### Task item
The entries below are to be written out exactly, with no images included.

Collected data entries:
== Segment start ==

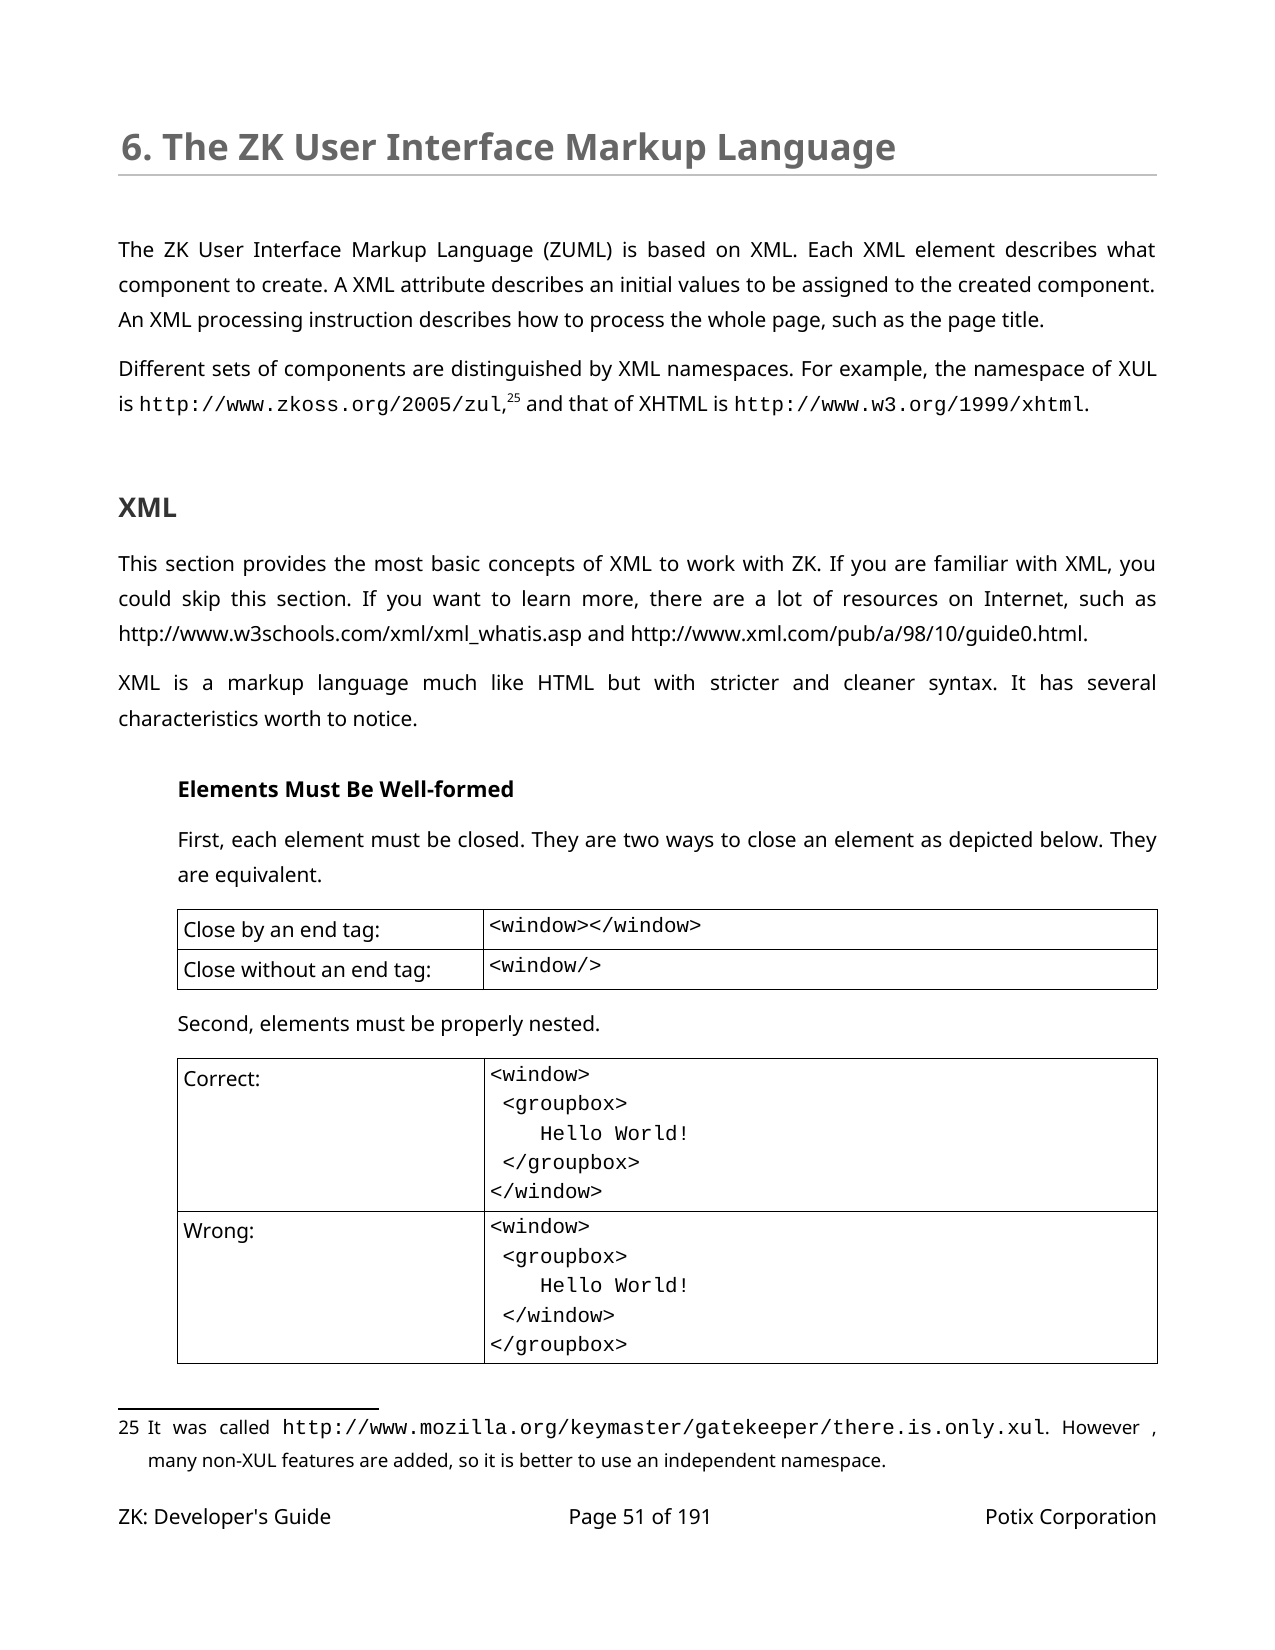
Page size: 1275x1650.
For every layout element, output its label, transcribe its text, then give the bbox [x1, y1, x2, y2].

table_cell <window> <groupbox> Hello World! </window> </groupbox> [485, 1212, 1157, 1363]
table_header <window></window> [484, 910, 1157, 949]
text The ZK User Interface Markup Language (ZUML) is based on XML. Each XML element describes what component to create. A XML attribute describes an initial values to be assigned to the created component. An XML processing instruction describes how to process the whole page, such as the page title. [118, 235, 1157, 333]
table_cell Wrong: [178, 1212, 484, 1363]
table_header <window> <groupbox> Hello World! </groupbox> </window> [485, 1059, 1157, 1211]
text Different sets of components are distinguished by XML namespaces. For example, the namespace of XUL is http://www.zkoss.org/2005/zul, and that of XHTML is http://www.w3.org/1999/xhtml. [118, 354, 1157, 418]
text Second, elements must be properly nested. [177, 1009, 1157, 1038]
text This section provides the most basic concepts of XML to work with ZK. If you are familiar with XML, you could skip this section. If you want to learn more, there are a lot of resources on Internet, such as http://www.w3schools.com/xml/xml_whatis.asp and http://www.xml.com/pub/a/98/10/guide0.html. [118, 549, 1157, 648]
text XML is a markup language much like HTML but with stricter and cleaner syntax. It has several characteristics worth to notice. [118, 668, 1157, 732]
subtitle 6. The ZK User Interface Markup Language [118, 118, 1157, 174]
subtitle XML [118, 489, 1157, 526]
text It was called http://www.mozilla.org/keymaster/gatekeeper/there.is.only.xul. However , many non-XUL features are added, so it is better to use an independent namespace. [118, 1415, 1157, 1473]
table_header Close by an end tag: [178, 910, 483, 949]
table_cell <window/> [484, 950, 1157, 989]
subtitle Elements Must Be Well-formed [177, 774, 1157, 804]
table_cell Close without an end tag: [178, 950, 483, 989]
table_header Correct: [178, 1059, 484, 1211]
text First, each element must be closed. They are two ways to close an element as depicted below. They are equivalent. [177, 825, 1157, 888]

== Segment end ==

### Solution to this problem
Page size: 1275x1650.
For every layout element, output its label, transcribe its text, then give the bbox [x1, y1, x2, y2].

table_cell <window> <groupbox> Hello World! </window> </groupbox> [485, 1212, 1157, 1363]
table_header <window></window> [484, 910, 1157, 949]
text The ZK User Interface Markup Language (ZUML) is based on XML. Each XML element describes what component to create. A XML attribute describes an initial values to be assigned to the created component. An XML processing instruction describes how to process the whole page, such as the page title. [118, 235, 1157, 333]
table_cell Wrong: [178, 1212, 484, 1363]
table_header <window> <groupbox> Hello World! </groupbox> </window> [485, 1059, 1157, 1211]
text Different sets of components are distinguished by XML namespaces. For example, the namespace of XUL is http://www.zkoss.org/2005/zul, and that of XHTML is http://www.w3.org/1999/xhtml. [118, 354, 1157, 418]
text Second, elements must be properly nested. [177, 1009, 1157, 1038]
text This section provides the most basic concepts of XML to work with ZK. If you are familiar with XML, you could skip this section. If you want to learn more, there are a lot of resources on Internet, such as http://www.w3schools.com/xml/xml_whatis.asp and http://www.xml.com/pub/a/98/10/guide0.html. [118, 549, 1157, 648]
text XML is a markup language much like HTML but with stricter and cleaner syntax. It has several characteristics worth to notice. [118, 668, 1157, 732]
subtitle 6. The ZK User Interface Markup Language [118, 118, 1157, 174]
subtitle XML [118, 489, 1157, 526]
text It was called http://www.mozilla.org/keymaster/gatekeeper/there.is.only.xul. However , many non-XUL features are added, so it is better to use an independent namespace. [118, 1415, 1157, 1473]
table_header Close by an end tag: [178, 910, 483, 949]
table_cell <window/> [484, 950, 1157, 989]
subtitle Elements Must Be Well-formed [177, 774, 1157, 804]
table_cell Close without an end tag: [178, 950, 483, 989]
table_header Correct: [178, 1059, 484, 1211]
text First, each element must be closed. They are two ways to close an element as depicted below. They are equivalent. [177, 825, 1157, 888]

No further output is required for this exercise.